Croft Associate Professor of History and International Studies
Office Hours: By Appointment
Croft 315
(662) 915-1500 | dinius@olemiss.edu
Education
Ph.D, Harvard University
Teaching and Research Interests
Modern Latin America
Oliver Dinius is the Executive Director of the Croft Institute for International Studies and an Associate Professor of History and International Studies. A native of Germany, he received the equivalent of a B.A. from the Ruprecht-Karls Universität Heidelberg before moving to the United States to pursue doctoral work in Latin American history at Harvard University. Dr. Dinius studies the social and economic development of modern Latin America, above all in 20th-century Brazil. His first book, Brazil’s Steel City: Developmentalism, Strategic Power, and Industrial Relations in Volta Redonda, 1941-1964 (Stanford University Press, 2011), is a history of the country’s foremost state-owned enterprise, the Companhia Siderúrgica Nacional. He is also the co-editor of Company Towns in the Americas: Landscape, Power, and Working-Class Communities (University of Georgia Press, 2011). Currently, Dinius is working on two projects under the umbrella theme of development and inequality in contemporary Brazil. a monograph on the history of regional development initiatives for the Amazon region and a series of essays on the impact of Brazil’s labor justice system on class relations. The underlying goal is to understand how regional and class inequalities shaped (and often undermined) the state’s ambitious social and economic development policies.

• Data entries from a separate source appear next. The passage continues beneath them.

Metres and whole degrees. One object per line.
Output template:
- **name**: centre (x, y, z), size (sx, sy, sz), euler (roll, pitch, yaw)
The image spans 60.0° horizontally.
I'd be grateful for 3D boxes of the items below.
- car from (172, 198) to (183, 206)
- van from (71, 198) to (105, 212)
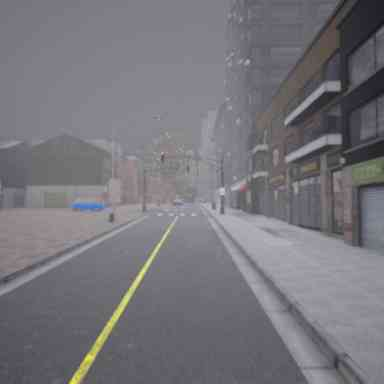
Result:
- **car**: centre (-2.763, 2.007, 64.934), size (1.882, 1.535, 5.008), euler (0, 0, 0)
- **van**: centre (-12.933, 1.693, 41.736), size (3.998, 1.788, 1.690), euler (0, -3, 0)

Dinius offers lecture classes, upper-division seminars, and graduate courses on Brazil and modern Latin America through the history department. For the Croft Institute, Dinius has regularly taught the Introduction to International Studies (Inst 101), the core course on Latin America (Inst 207), and upper-division courses on “The War on Drugs in Latin America,” “The Problem of Inequality in Latin America,” and “Soccer Madness: From Brazil to the World.” He advises Croft senior theses on a wide range of Latin American topics.